A handful of items have been reviewed and consciously accepted rather than fixed. They are recorded here so the trail is reproducible.

  1. androidx.biometric:biometric on the alpha track. Falco pins androidx.biometric:biometric:1.4.0-alpha07 because the 1.1.0 stable track from 2021 lacks the Class-3 + DEVICE_CREDENTIAL authenticator gating the auth flow uses. The 1.2.x line was abandoned by AndroidX in favour of the active 1.4.x track, which is what we ship. Why accepted: no stable replacement exposes the APIs we need. Revisit: every Falco release — bump alpha forward; move to stable as soon as AndroidX promotes 1.4.x.

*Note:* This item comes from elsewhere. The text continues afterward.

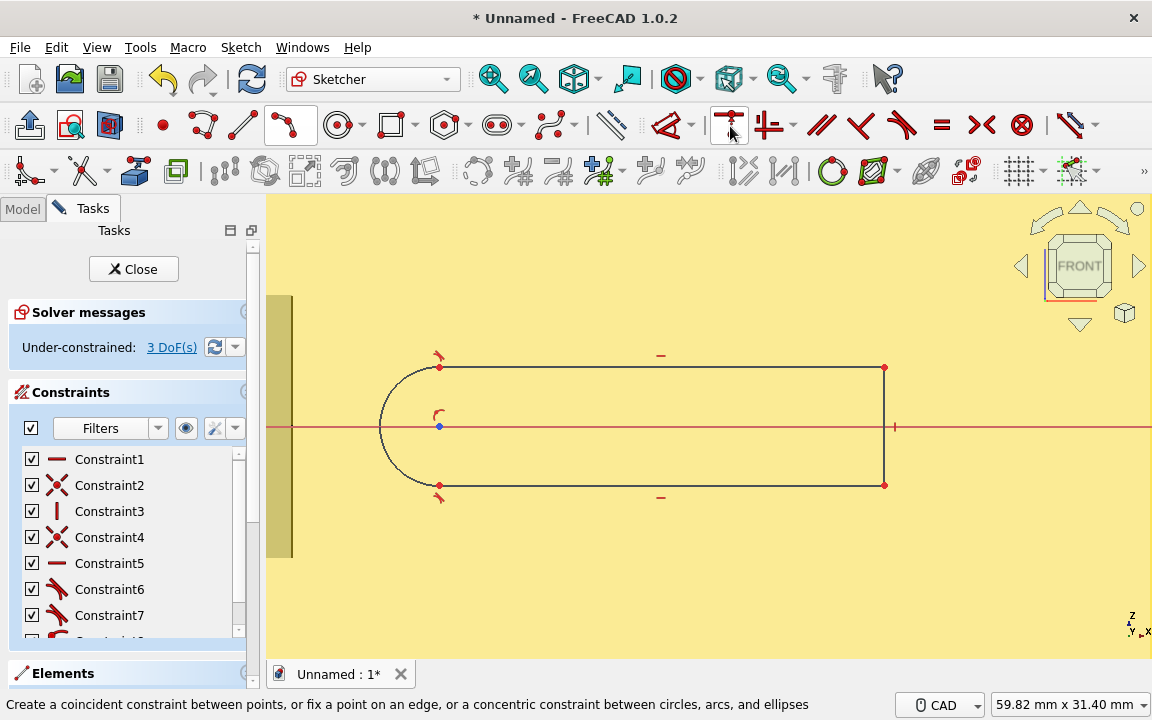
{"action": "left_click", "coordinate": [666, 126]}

  2. androidx.security:security-crypto as migration-only dep. As of v2.0 the runtime credential store is Tink + DataStore (see Build supply chain below). security-crypto is retained in the dependency graph only as a one-shot reader that reads the v1 EncryptedSharedPreferences file once at first launch, re-encrypts every entry with the new Tink AEAD, writes to the new DataStore, and wipes the legacy file. Why accepted (transitional): the library is deprecated but functional, and the maintainer wants existing users' tokens to migrate transparently. Revisit: drop the dependency in v2.1, after the migration window has elapsed.

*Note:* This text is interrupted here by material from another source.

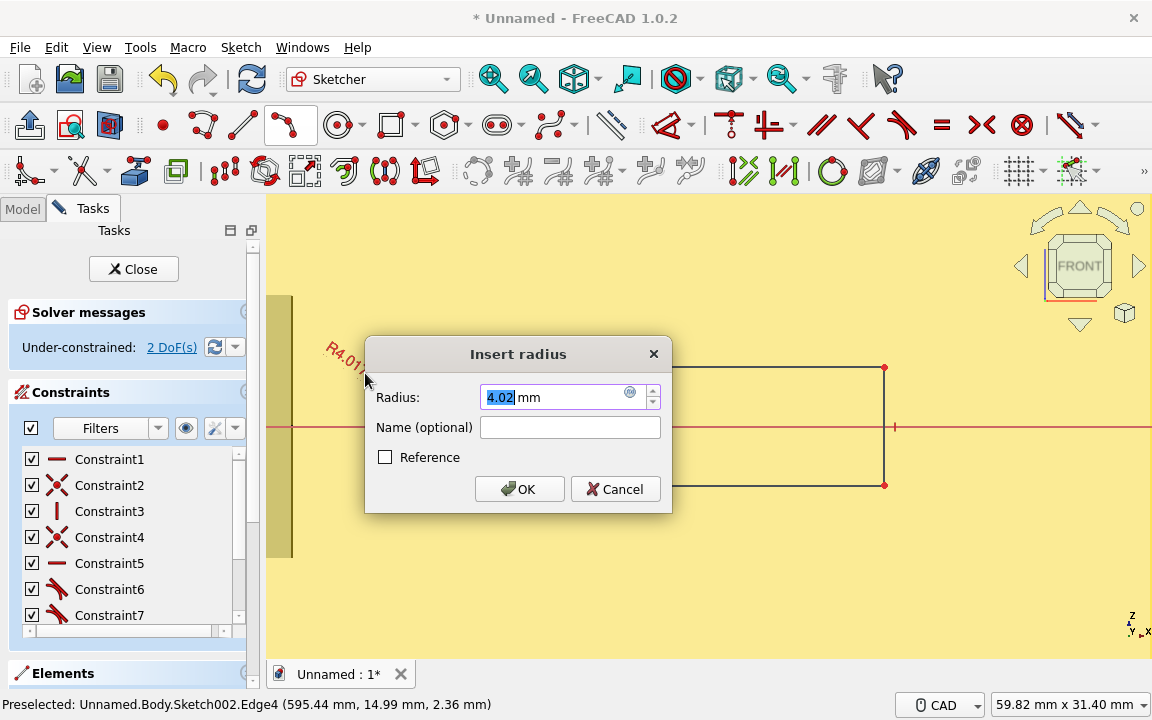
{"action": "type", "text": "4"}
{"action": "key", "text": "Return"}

  3. Two informational audit items (F-013 / F-017) accepted as known. Both were flagged informational only — no exploit path, no user-visible impact. Why accepted: informational classification and no remediation path that wouldn't add more risk than it removes. Revisit: during the next audit pass — confirm conditions still hold and either close or re-classify.

  4. No public delete-redirect cleanup on the old GitHub URL. The project moved from MalteKiefer/Falco to Kiefer-Networks/Falco; GitHub keeps a permanent redirect from the old URL. Why accepted: the redirect is transparent to clones, releases and F-Droid recipes, and there is no way to remove it short of deleting and recreating the namespace (which would break every incoming link). Revisit: only if GitHub ever ships a "purge redirect" admin action, or if the redirect is observed pointing at the wrong destination.

  5. Gradle dependency PGP verification disabled (verify-signatures=false). gradle/verification-metadata.xml ships with PGP signature verification disabled; resolved artefacts are pinned by SHA-256 only and the <trusted-keys> set is empty. Why accepted: SHA-256 pinning already defeats the in-the-wild supply-chain attacks Falco is most exposed to (a compromised Maven mirror serving a swapped JAR), and populating per-group GPG fingerprints for every transitive dependency is a substantial one-time effort. See the Build supply chain section above for the maintainer action item. Revisit: before v2.0 — enumerate per-group GPG fingerprints, add <trusted-key> entries, and flip <verify-signatures> to true.

Hall of fame

Public credit (with the reporter's permission) is given in release notes.